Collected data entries
-*-
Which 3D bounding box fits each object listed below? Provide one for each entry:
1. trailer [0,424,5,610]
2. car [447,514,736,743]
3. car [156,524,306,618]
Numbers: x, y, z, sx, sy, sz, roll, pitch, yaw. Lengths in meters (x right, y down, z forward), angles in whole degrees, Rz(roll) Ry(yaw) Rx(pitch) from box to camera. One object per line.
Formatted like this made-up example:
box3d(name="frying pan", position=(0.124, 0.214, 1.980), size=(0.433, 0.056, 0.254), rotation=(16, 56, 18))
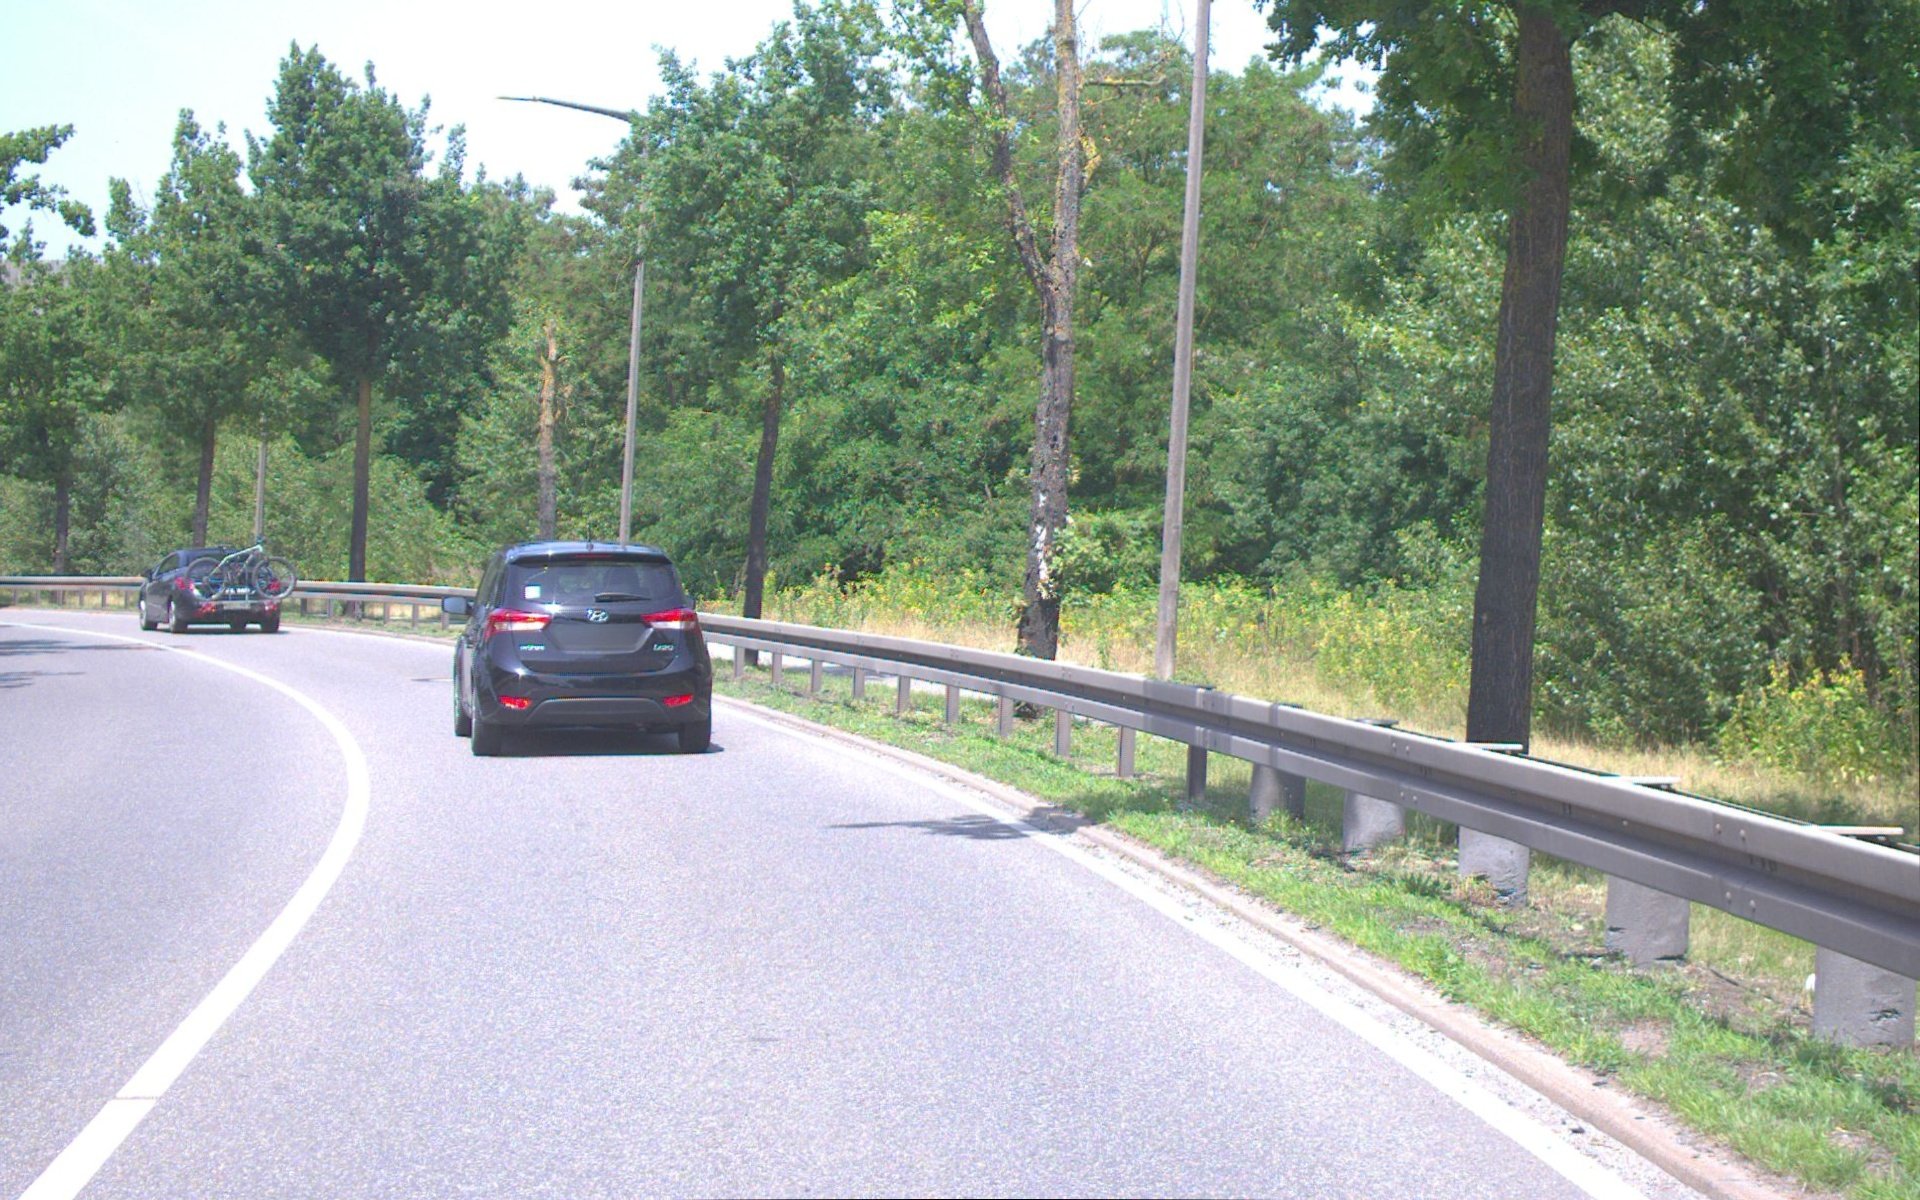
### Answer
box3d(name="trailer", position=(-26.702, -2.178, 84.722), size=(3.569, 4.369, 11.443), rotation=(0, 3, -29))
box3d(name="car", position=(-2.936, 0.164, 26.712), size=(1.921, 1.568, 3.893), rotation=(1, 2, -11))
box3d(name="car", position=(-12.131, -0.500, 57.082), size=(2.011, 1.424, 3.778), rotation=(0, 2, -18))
-*-
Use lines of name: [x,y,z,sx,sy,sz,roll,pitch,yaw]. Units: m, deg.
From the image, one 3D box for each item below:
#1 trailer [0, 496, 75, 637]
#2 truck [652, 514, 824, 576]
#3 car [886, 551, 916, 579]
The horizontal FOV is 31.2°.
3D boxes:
-*-
All that belongs in your answer is the stretch of entries above from the line with "Which 3D bounding" through the line with "3. car [156,524,306,618]", printed exactly.

WORKED SOLUTION:
Which 3D bounding box fits each object listed below? Provide one for each entry:
1. trailer [0,424,5,610]
2. car [447,514,736,743]
3. car [156,524,306,618]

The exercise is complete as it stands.